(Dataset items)
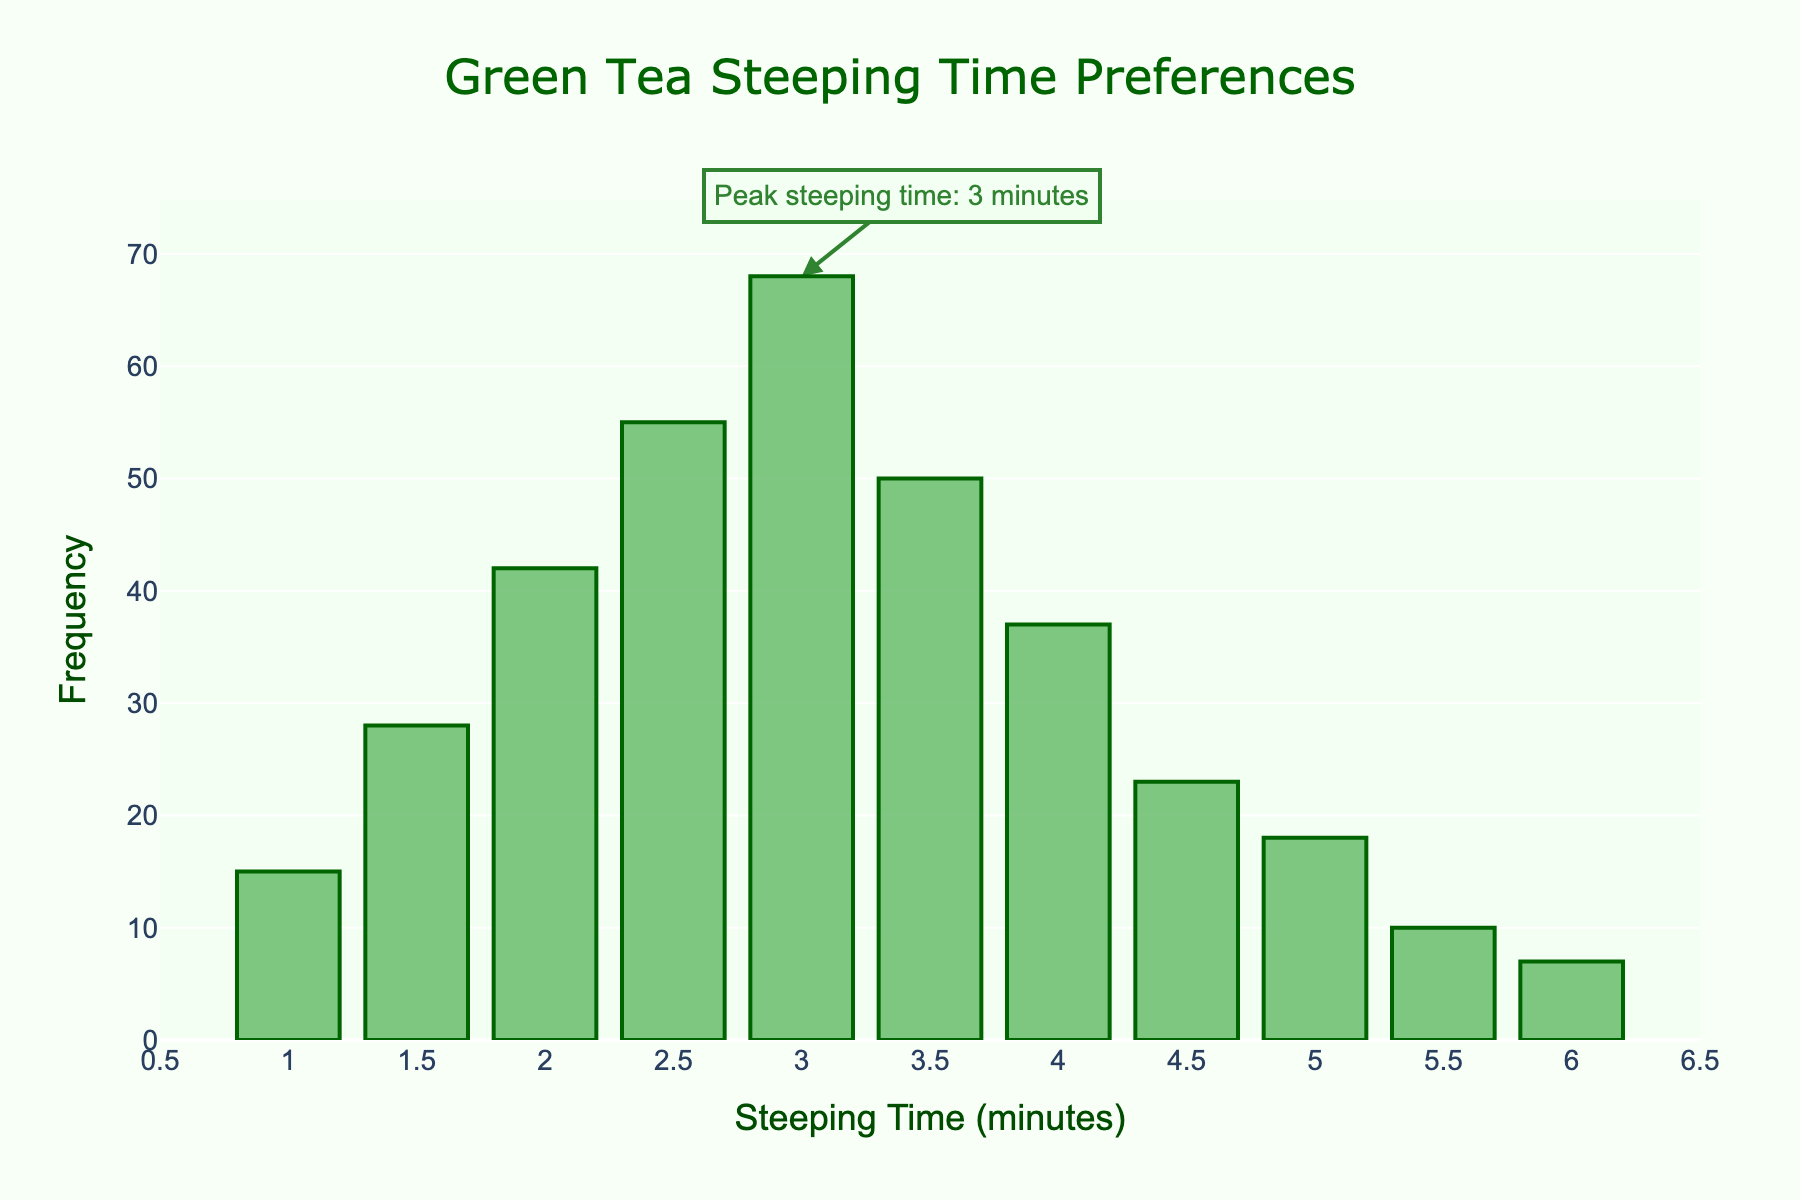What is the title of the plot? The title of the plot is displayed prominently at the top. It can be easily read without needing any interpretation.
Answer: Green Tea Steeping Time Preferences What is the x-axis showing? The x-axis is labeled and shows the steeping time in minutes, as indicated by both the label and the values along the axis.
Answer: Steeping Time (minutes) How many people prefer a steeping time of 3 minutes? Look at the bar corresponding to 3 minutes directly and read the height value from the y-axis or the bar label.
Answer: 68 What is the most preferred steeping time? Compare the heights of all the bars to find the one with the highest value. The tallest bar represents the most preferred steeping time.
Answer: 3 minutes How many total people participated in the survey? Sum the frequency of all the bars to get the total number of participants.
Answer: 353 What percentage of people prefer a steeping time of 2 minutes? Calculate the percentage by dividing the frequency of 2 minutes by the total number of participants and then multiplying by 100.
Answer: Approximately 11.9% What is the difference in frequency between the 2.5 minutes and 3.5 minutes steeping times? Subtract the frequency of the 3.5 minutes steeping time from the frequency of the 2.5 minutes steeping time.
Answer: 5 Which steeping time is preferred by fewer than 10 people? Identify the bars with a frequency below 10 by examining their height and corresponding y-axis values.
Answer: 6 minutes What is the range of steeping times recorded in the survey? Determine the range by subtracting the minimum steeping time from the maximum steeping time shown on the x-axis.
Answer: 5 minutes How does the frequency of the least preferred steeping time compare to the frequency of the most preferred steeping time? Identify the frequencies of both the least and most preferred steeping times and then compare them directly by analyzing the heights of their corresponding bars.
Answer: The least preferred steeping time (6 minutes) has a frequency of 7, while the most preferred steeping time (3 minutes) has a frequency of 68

#### WHAT THE TASK ASKS
Using the records above, copy word for word the line with "Answer: Steeping Time", the line with "Answer: 5 Which", and every line between them.

#### OUTPUT OF THE TASK
Answer: Steeping Time (minutes) How many people prefer a steeping time of 3 minutes? Look at the bar corresponding to 3 minutes directly and read the height value from the y-axis or the bar label.
Answer: 68 What is the most preferred steeping time? Compare the heights of all the bars to find the one with the highest value. The tallest bar represents the most preferred steeping time.
Answer: 3 minutes How many total people participated in the survey? Sum the frequency of all the bars to get the total number of participants.
Answer: 353 What percentage of people prefer a steeping time of 2 minutes? Calculate the percentage by dividing the frequency of 2 minutes by the total number of participants and then multiplying by 100.
Answer: Approximately 11.9% What is the difference in frequency between the 2.5 minutes and 3.5 minutes steeping times? Subtract the frequency of the 3.5 minutes steeping time from the frequency of the 2.5 minutes steeping time.
Answer: 5 Which steeping time is preferred by fewer than 10 people? Identify the bars with a frequency below 10 by examining their height and corresponding y-axis values.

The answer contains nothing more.